Sea level patterns in San Diego: SLR over the last 20 years.

From the Abstract:
The recognition of the non-accelerating, periodic pattern of sea levels as described by the tide gauges measurements does not require any special mathematical tool. Providing enough data of sufficient quality have been recorded, If the classical linear fitting is used to compute the rate of rise at any time, then the acceleration is simply the time rate of change of this velocity. By using this technique, the lack of any acceleration over the last few decades is evident in the naturally oscillating, slow rising, tide gauges of appropriate quality and length.

If the sea levels have to rise 1 meter by 2100 and not only 21.5 millimeters at the worldwide average tide gauge, there is a problem of orders of magnitude difference in the sea levels computed (by climate models) and measured (by tide gauges).
http://sciencedomain.org/abstract/8091

Postscript:

It has come to my attention that both Albert Parker and Cliff Ollier have been vilified on alarmist websites, and will likely be attacked again for their latest papers, which are continuing to favor observations over projections from climate models.  For reference I provide additional responses from the two scientists to past critiques.

Cliff Ollier summarizes his views on sea ice and sea levels here:
Floating sea ice and the Archimedes principle
http://www.climatescienceinternational.org/index.php?option=com_content&id=312

In Ice shelf break-up and sea level change, Ollier says this:

In a piece in the December 11 issue of NRC/Handelsblad, Rotterdam’s counterpart to the New York Times, Wilco Hazeleger, a senior scientist in the global climate research group at KNMI (the Royal Netherlands Meteorological Institute) wrote: “In the past century the sea level has risen twenty centimetres. There is no evidence for accelerated sea-level rise. It is my opinion that there is no need for drastic measures. … Fortunately, the time rate of climate change is slow compared to the life span of the defense structures along our coast. There is enough time for adaptation.”

It would be much better if our politicians (and some scientists) based their opinions on what we can actually observe about sea level, instead of alarming us with dreams of catastrophic sea level rise based on false models of what might be happening to ice caps. Of course even if we believed sea level is rising, it takes another leap of faith to think it is caused by miniscule increases in atmospheric carbon dioxide caused by human activity.

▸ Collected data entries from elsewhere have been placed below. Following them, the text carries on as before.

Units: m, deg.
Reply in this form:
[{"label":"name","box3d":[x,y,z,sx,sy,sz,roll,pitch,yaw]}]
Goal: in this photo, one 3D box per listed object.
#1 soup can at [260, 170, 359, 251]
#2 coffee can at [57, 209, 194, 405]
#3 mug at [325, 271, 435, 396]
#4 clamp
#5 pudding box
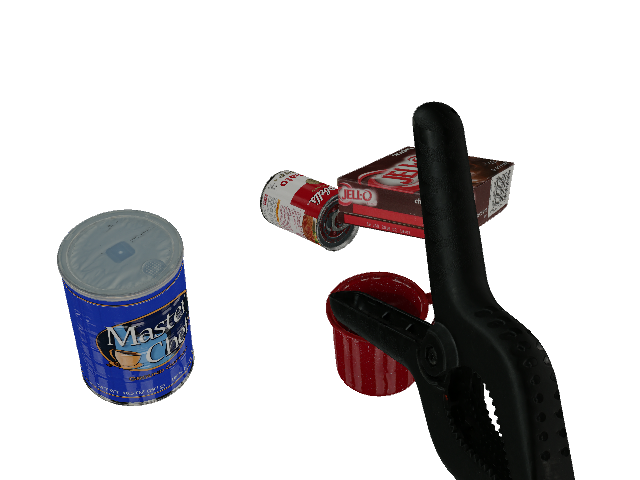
[{"label":"soup can","box3d":[-0.012,-0.035,1.216,0.068,0.068,0.102,0,18,-45]},{"label":"coffee can","box3d":[-0.164,0.059,0.918,0.103,0.140,0.103,0,44,-1]},{"label":"mug","box3d":[0.064,0.085,0.991,0.117,0.081,0.093,-21,42,-19]},{"label":"clamp","box3d":[0.071,0.045,0.532,0.036,0.165,0.210,-7,45,-26]},{"label":"pudding box","box3d":[0.077,-0.035,0.768,0.090,0.039,0.113,13,20,28]}]
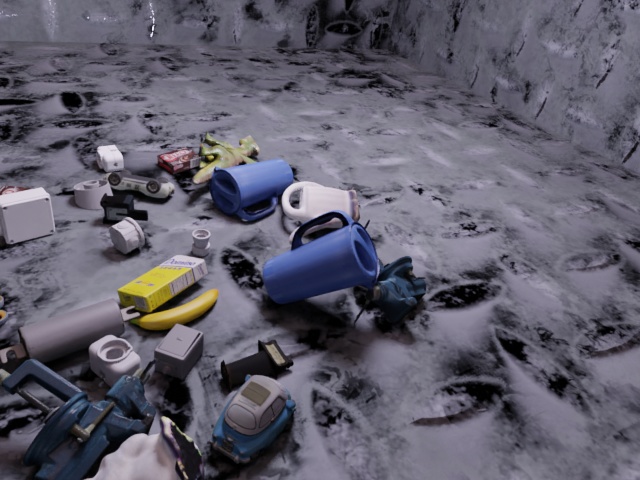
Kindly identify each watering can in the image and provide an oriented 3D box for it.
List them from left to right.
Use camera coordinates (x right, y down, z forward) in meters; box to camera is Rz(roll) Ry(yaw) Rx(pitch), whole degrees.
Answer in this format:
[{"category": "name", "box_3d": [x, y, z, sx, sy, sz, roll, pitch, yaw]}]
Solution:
[{"category": "watering can", "box_3d": [0.004, -0.073, 1.442, 0.224, 0.102, 0.355, 5, 32, -7]}]

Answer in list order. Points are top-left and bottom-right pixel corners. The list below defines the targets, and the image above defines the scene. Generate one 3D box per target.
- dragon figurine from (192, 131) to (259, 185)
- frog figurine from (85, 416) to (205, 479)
[{"category": "dragon figurine", "box_3d": [-0.267, -0.244, 1.653, 0.242, 0.119, 0.420, 12, 33, -11]}, {"category": "frog figurine", "box_3d": [-0.253, 0.352, 0.740, 0.160, 0.139, 0.121, -35, -18, -3]}]
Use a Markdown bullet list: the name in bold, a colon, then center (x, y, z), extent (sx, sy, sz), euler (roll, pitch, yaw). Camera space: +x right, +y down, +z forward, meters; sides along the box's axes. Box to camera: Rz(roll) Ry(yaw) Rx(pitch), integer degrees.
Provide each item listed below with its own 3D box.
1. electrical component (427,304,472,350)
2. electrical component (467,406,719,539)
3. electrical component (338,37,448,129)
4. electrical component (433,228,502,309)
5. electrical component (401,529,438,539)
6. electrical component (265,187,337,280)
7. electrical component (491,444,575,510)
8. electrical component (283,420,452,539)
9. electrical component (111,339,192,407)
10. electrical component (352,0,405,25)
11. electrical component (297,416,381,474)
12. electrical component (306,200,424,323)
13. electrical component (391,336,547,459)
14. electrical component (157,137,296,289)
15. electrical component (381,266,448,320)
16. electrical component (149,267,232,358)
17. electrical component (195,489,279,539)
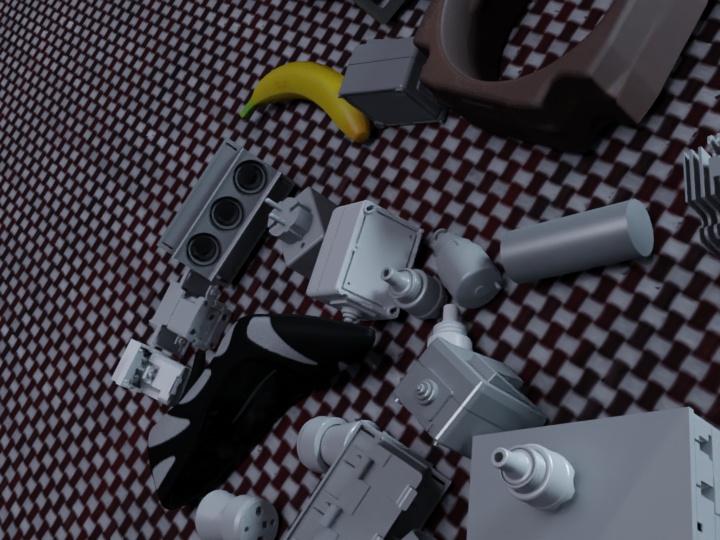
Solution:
- **electrical component**: center (0.067, 0.055, 0.807), extent (0.035, 0.035, 0.061), euler (-20, 52, 36)
- **electrical component**: center (0.145, 0.144, 0.658), extent (0.150, 0.062, 0.089), euler (-15, 57, 38)
- **electrical component**: center (0.040, -0.167, 0.944), extent (0.096, 0.062, 0.061), euler (3, 69, 45)
- **electrical component**: center (0.078, -0.005, 0.827), extent (0.040, 0.040, 0.078), euler (-46, 43, 14)
- **electrical component**: center (0.043, 0.228, 0.721), extent (0.077, 0.043, 0.079), euler (-57, 41, 2)
- **electrical component**: center (-0.055, -0.039, 0.949), extent (0.047, 0.077, 0.065), euler (-38, 45, 22)
- **electrical component**: center (0.097, 0.117, 0.624), extent (0.035, 0.061, 0.035), euler (-23, 52, 33)
- **electrical component**: center (-0.001, 0.181, 0.767), extent (0.079, 0.063, 0.121), euler (33, 92, 8)
- **electrical component**: center (-0.187, 0.098, 0.999), extent (0.064, 0.081, 0.042), euler (22, 83, 19)
- **electrical component**: center (0.007, -0.283, 1.049), extent (0.050, 0.056, 0.089), euler (-50, 42, 10)
- **electrical component**: center (-0.015, 0.136, 0.831), extent (0.055, 0.045, 0.045), euler (-2, 66, 44)
- **electrical component**: center (0.000, 0.000, 0.878), extent (0.061, 0.062, 0.096), euler (-8, 60, 58)
- **electrical component**: center (0.074, 0.088, 0.734), extent (0.061, 0.096, 0.062), euler (-53, 42, 7)
- **electrical component**: center (-0.129, -0.056, 1.035), extent (0.121, 0.079, 0.063), euler (-57, 13, 2)
- **electrical component**: center (0.039, 0.015, 0.837), extent (0.035, 0.061, 0.035), euler (-24, 51, 33)
- **electrical component**: center (-0.160, 0.044, 1.027), extent (0.064, 0.042, 0.081), euler (21, 83, 46)
- **electrical component**: center (-0.100, 0.204, 0.872), extent (0.055, 0.045, 0.045), euler (-2, 66, 43)
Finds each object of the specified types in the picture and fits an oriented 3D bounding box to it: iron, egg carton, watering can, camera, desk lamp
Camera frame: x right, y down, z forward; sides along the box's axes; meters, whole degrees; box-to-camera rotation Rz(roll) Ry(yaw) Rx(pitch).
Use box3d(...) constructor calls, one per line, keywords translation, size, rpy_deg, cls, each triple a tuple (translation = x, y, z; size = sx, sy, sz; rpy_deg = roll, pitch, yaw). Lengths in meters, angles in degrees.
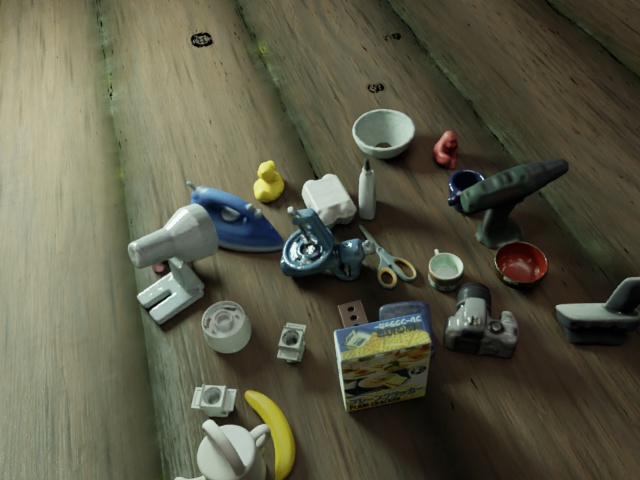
box3d(translation=(-0.201, -0.060, 1.354), size=(0.257, 0.142, 0.119), rpy_deg=(17, 55, 18), cls="iron")
box3d(translation=(0.019, -0.095, 1.408), size=(0.107, 0.069, 0.150), rpy_deg=(-20, 52, -10), cls="egg carton")
box3d(translation=(-0.159, 0.372, 0.965), size=(0.100, 0.194, 0.173), rpy_deg=(21, 56, 21), cls="watering can")
box3d(translation=(0.327, 0.152, 1.156), size=(0.143, 0.101, 0.137), rpy_deg=(7, 52, 11), cls="camera")
box3d(translation=(-0.312, 0.046, 1.232), size=(0.203, 0.214, 0.117), rpy_deg=(-37, 56, -22), cls="desk lamp")

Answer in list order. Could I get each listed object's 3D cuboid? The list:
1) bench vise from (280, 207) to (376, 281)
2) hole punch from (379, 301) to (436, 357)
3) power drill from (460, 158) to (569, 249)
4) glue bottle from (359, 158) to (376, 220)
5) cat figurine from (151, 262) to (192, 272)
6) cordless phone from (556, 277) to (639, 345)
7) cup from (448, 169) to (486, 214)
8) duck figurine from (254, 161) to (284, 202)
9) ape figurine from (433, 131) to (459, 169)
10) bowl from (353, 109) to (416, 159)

Parker replied to defenders of consensus climate science in 2013:

It is demonstrated that the IPCC models do not reproduce the natural harmonics as the quasi-60 years cycle and overestimate the effect of the anthropic forcings. The IPCC models are shown compatible with the 1999 Mann hockey stick but unfortunately for the IPCC also incompatible with the recent temperature reconstructions. The global warming and sea level predictions for the 21st century may be consequently equally wrong. The increased heat uptake or the rising temperatures of the oceans or the accelerating seas all have similar lack of sound scientific bases.